On 22 October I hosted a reception to mark the 800th anniversary of Cambridge University. Serbia ‘s existing Cambridge University alumni group was the ‘core’ of the evening, but we also invited some of our other Chevening scholars and (in view of the work we are doing this year to commemorate the 200th anniversary of the birth of Charles Darwin, also a ‘Cambridge man’), some representatives of the Faculty of Biology of Belgrade University.
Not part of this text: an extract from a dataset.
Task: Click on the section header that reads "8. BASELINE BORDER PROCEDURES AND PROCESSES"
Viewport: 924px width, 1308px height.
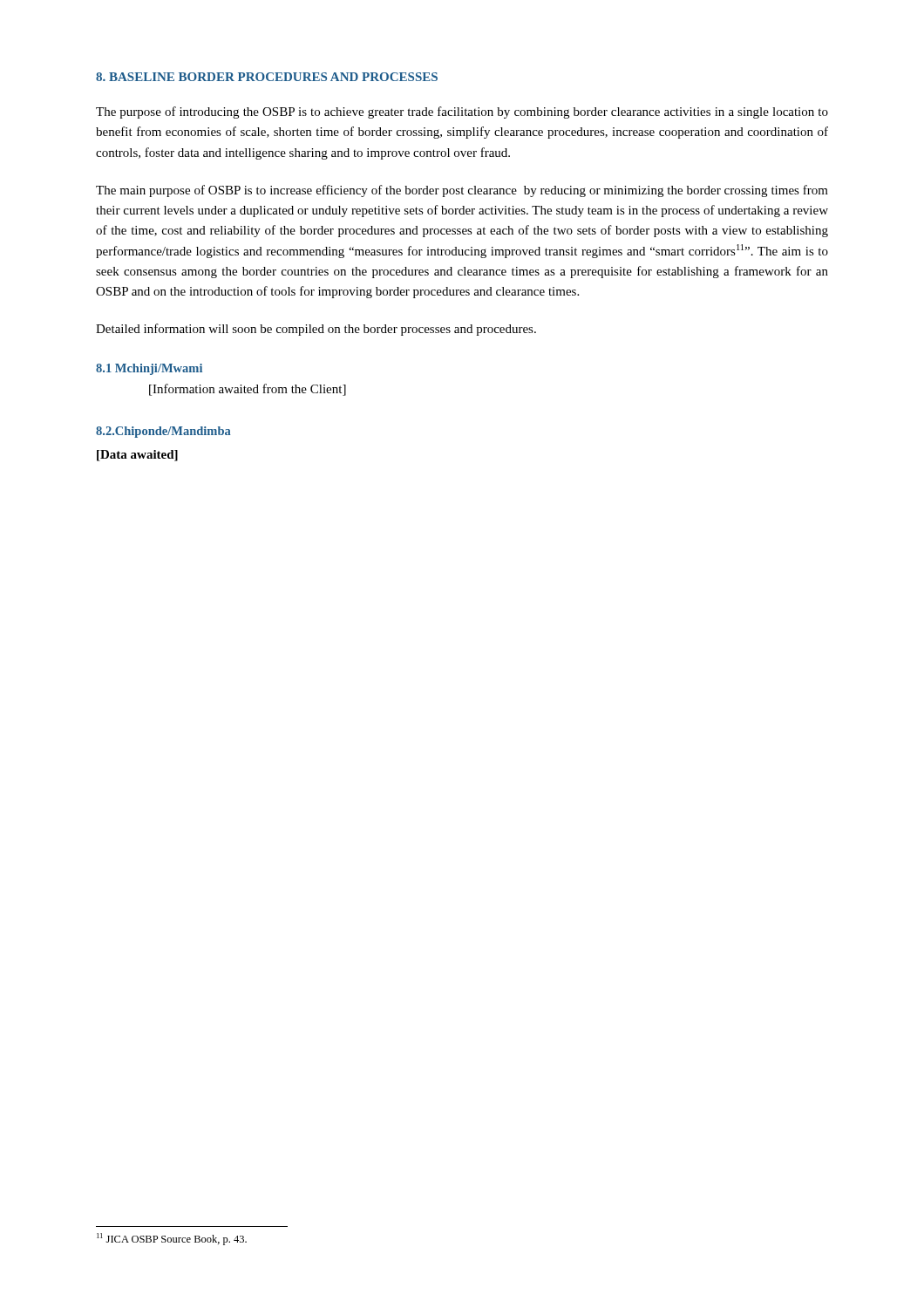Action: [x=267, y=77]

To make it a bit more than ‘just another reception’, we began with a panel discussion on ‘British-Serbia Relations, Past, Present, Future’, with one of Serbia’s Cambridge graduates as Moderator. The questions from the audience afterwards focused on Serbia’s EU integration, and the possible links between that and NATO membership and the ‘Euro-Atlantic security area’ ideas floated by Russia’s President Medvedev during his visit to Belgrade earlier in the week. Several journalists asked for interviews afterwards, to go into some of the points in more detail.

Our star guest for the reception that followed was Serbia’s Foreign Minister, Vuk Jeremic, who studied physics at Queen’s College, Cambridge, and spoke warmly of his time there. We presented him with a Cambridge University sweatshirt as a souvenir of the evening. We were also delighted that Serbia's Education Minister, Zarko Obradovic, was able to attend.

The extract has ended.